Remedying this state of affairs calls for a step change in the way UK organisations think about skills development and workforce strategy when it comes to AI. Organisations need to broaden the distribution of AI knowledge across their workforce. Concentrating expertise within a small group of technical specialists limits the speed and scale of adoption. A more effective approach involves raising the baseline level of AI literacy across multiple functions. 

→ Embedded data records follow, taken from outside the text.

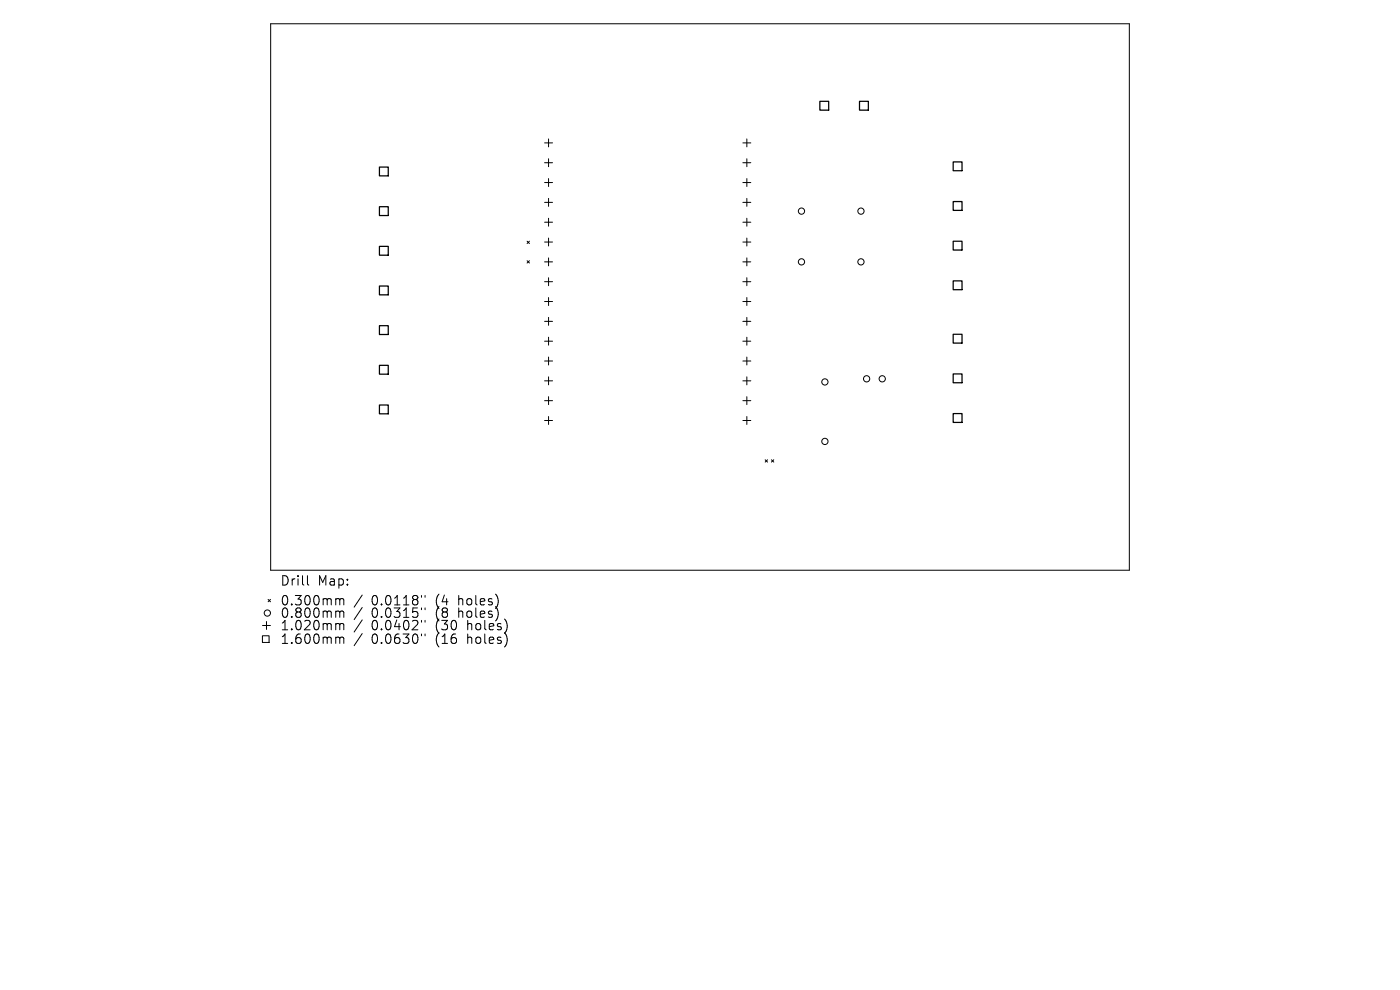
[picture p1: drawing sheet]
<svg xmlns="http://www.w3.org/2000/svg" width="297mm" height="210mm" viewBox="0 0 297 210" stroke-linecap="round" stroke-linejoin="round" font-family="sans-serif">
<defs><g id="words">
<g font-size="2.8">
<text x="59.4" y="124.5">Drill</text>
<text x="67.4" y="124.5">Map:</text>
<text x="59.4" y="128.7">0.300mm</text>
<text x="59.4" y="131.3">0.800mm</text>
<text x="78.8" y="128.7">0.0118&quot;</text>
<text x="78.8" y="131.3">0.0315&quot;</text>
<text x="92.5" y="128.7">(4</text>
<text x="92.5" y="131.3">(8</text>
<text x="97.5" y="128.7">holes)</text>
<text x="97.5" y="131.3">holes)</text>
<text x="59.4" y="134">1.020mm</text>
<text x="59.4" y="136.9">1.600mm</text>
<text x="78.8" y="134">0.0402&quot;</text>
<text x="78.8" y="136.9">0.0630&quot;</text>
<text x="92.5" y="134">(30</text>
<text x="92.5" y="136.9">(16</text>
<text x="99.4" y="134">holes)</text>
<text x="99.4" y="136.9">holes)</text>
</g>
</g></defs>
<g fill="none" stroke="#000" stroke-width=".21">
<path d="M57.4 5h182.2v116h-182.2zM115.5 30.3h1.7M115.5 34.5h1.7M115.5 38.7h1.7M116.4 29.5v1.7M116.4 33.7v1.7M116.4 37.9v1.7M157.6 30.3h1.7M157.6 34.5h1.7M157.6 38.7h1.7M158.4 29.5v1.7M158.4 33.7v1.7"/>
<path d="M158.4 37.9v1.7M111.8 51.2l.5 .5M111.8 55.3l.5 .5M112.3 51.2l-.5 .5M112.3 55.3l-.5 .5M115.5 42.9h1.7M115.5 47.1h1.7M115.5 51.3h1.7M115.5 55.6h1.7M115.5 59.8h1.7M116.4 42.1v1.7M116.4 46.3v1.7"/>
<path d="M116.4 50.5v1.7M116.4 54.7v1.7M116.4 58.9v1.7M157.6 42.9h1.7M157.6 47.1h1.7M157.6 51.3h1.7M157.6 55.6h1.7M157.6 59.8h1.7M158.4 42.1v1.7M158.4 46.3v1.7M158.4 50.5v1.7M158.4 54.7v1.7"/>
<path d="M158.4 58.9v1.7M115.5 64h1.7M115.5 68.2h1.7M115.5 72.4h1.7M115.5 76.6h1.7M116.4 63.1v1.7M116.4 67.3v1.7M116.4 71.5v1.7M116.4 75.7v1.7M116.4 79.9v1.7M157.6 64h1.7M157.6 68.2h1.7"/>
<path d="M157.6 72.4h1.7M157.6 76.6h1.7M158.4 63.1v1.7M158.4 67.3v1.7M158.4 71.5v1.7M158.4 75.7v1.7M158.4 79.9v1.7M115.5 80.8h1.7M115.5 85h1.7M115.5 89.2h1.7M116.4 84.1v1.7M116.4 88.4v1.6"/>
<path d="M157.6 80.8h1.7M157.6 85h1.7M157.6 89.2h1.7M158.4 84.1v1.7M158.4 88.4v1.6M162.3 97.5l.5 .5M162.8 97.5l-.5 .5M163.7 97.5l.5 .5M164.2 97.5l-.5 .5M55.7 134.9h1.4v1.4h-1.4zM55.7 132.7h1.7M56.5 131.8v1.7"/>
<path d="M56.9 127.2l.5 .5M57.4 127.2l-.5 .5M65.2 122.1v1.7l.3 .3M71.5 127h.3l.3 .3M71.5 129.6l.5 .1 .1 .2M71.5 132.3h.3l.3 .3M71.5 135.2h.3l.3 .2M72.1 127.3l.3-.3 .4 .1 .1 1.2M72.1 127.3v1M72.1 129.9v1.1M72.1 132.6v1M72.1 135.4v1.1"/>
<path d="M72.1 129.9l.3-.3 .4 .1 .1 1.3M72.1 132.6l.3-.3 .4 .1 .1 1.2M72.1 135.4l.3-.2 .4 .1 .1 1.2M76.8 126.2l-1.7 2.6M76.8 128.9l-1.7 2.5M76.8 131.5l-1.7 2.6M76.8 134.4l-1.7 2.6M89.4 126.3v.4M89.4 129v.3M89.4 131.6v.4M89.4 134.5v.4M90.2 126.3v.4"/>
<path d="M90.2 129v.3M90.2 131.6v.4M90.2 134.5v.4"/>
<circle cx="170" cy="44.8" r=".66"/>
<circle cx="170" cy="55.5" r=".66"/>
<circle cx="182.6" cy="44.8" r=".66"/>
<circle cx="182.6" cy="55.5" r=".66"/>
<circle cx="175" cy="93.6" r=".66"/>
<circle cx="175" cy="81" r=".66"/>
<circle cx="183.8" cy="80.4" r=".66"/>
<circle cx="187.2" cy="80.4" r=".66"/>
<circle cx="56.7" cy="130" r=".66"/>
</g>
<g fill="none" stroke="#000" stroke-width=".26">
<path d="M80.5 35.4h1.9v1.9h-1.9zM173.9 21.5h1.9v1.9h-1.9zM182.3 21.5h1.9v1.9h-1.9zM202.2 34.3h1.9v1.9h-1.9zM80.5 43.8h1.9v1.9h-1.9zM80.5 52.3h1.9v1.8h-1.9zM202.2 42.8h1.9v1.8h-1.9zM202.2 51.2h1.9v1.8h-1.9zM202.2 59.6h1.9v1.9h-1.9zM80.5 60.7h1.9v1.8h-1.9zM80.5 69.1h1.9v1.9h-1.9zM80.5 77.5h1.9v1.9h-1.9z"/>
<path d="M202.2 70.9h1.9v1.9h-1.9zM202.2 79.3h1.9v1.9h-1.9zM80.5 85.9h1.9v1.9h-1.9zM202.2 87.7h1.9v1.9h-1.9z"/>
</g>
<use href="#words"/>
</svg>

Hybrid roles can help bridge the gap between technical and commercial domains. Often described as “AI translators,” these professionals play a key role in connecting business objectives with technological implementation. They are able to comprehend strategic directives, collaborate with technical teams, and guide AI use in a way that aligns with the organisation’s goals. Developing this type of talent should be a priority, particularly through targeted education programmes that focus on applied AI literacy for senior leaders, where AI skills are usually lacking and AI literacy can do the most good. 

Upskill horizontally, not just vertically  

In my view, drawing from my work designing adoption frameworks at Google, AWS, and SAP, training approximately 20% of employees to an AI-literate level represents a practical threshold at which organisations begin to see meaningful acceleration in adoption. This is distinct from building a small centre of technical excellence; it is about raising baseline AI fluency across functions, from finance to operations to product. Embedding AI modules within leadership development programmes and linking senior-level KPIs to AI adoption can also help ensure that capability is developed across functions, not just within technical departments.  

Strengthen Industry-University partnerships 

Another important angle towards progress lies in strengthening collaboration between industry and academic institutions.  

The UK has one of the world’s strongest foundations when it comes to research and education. Its universities are recognised globally for their contributions to AI and related fields.  

However, the full potential of this advantage is not always realised in commercial settings. More structured partnerships can help bridge this gap. Businesses can define real-world challenges that require AI-driven solutions, while universities can design curricula and training initiatives that reflect these needs. This alignment ensures that graduates enter the workforce with skills that are directly relevant to industry demands.  

These partnerships also create opportunities for emerging companies to access talent and resources that might otherwise be out of reach, helping to plug the skills gap that is currently stunting the UK’s AI adoption. By connecting academic expertise with entrepreneurial activity, the UK can foster a more dynamic startup ecosystem with a continuous pipeline of talent from universities into the British tech sector.  

Conclusion 

The UK has big ambitions for its AI industry. Success in years to come will depend as much on businesses’ capability to educate, organise, and manage change as on any technological advancement. Companies that invest solely in technical talent without addressing structural and leadership gaps won’t realise the full value of AI.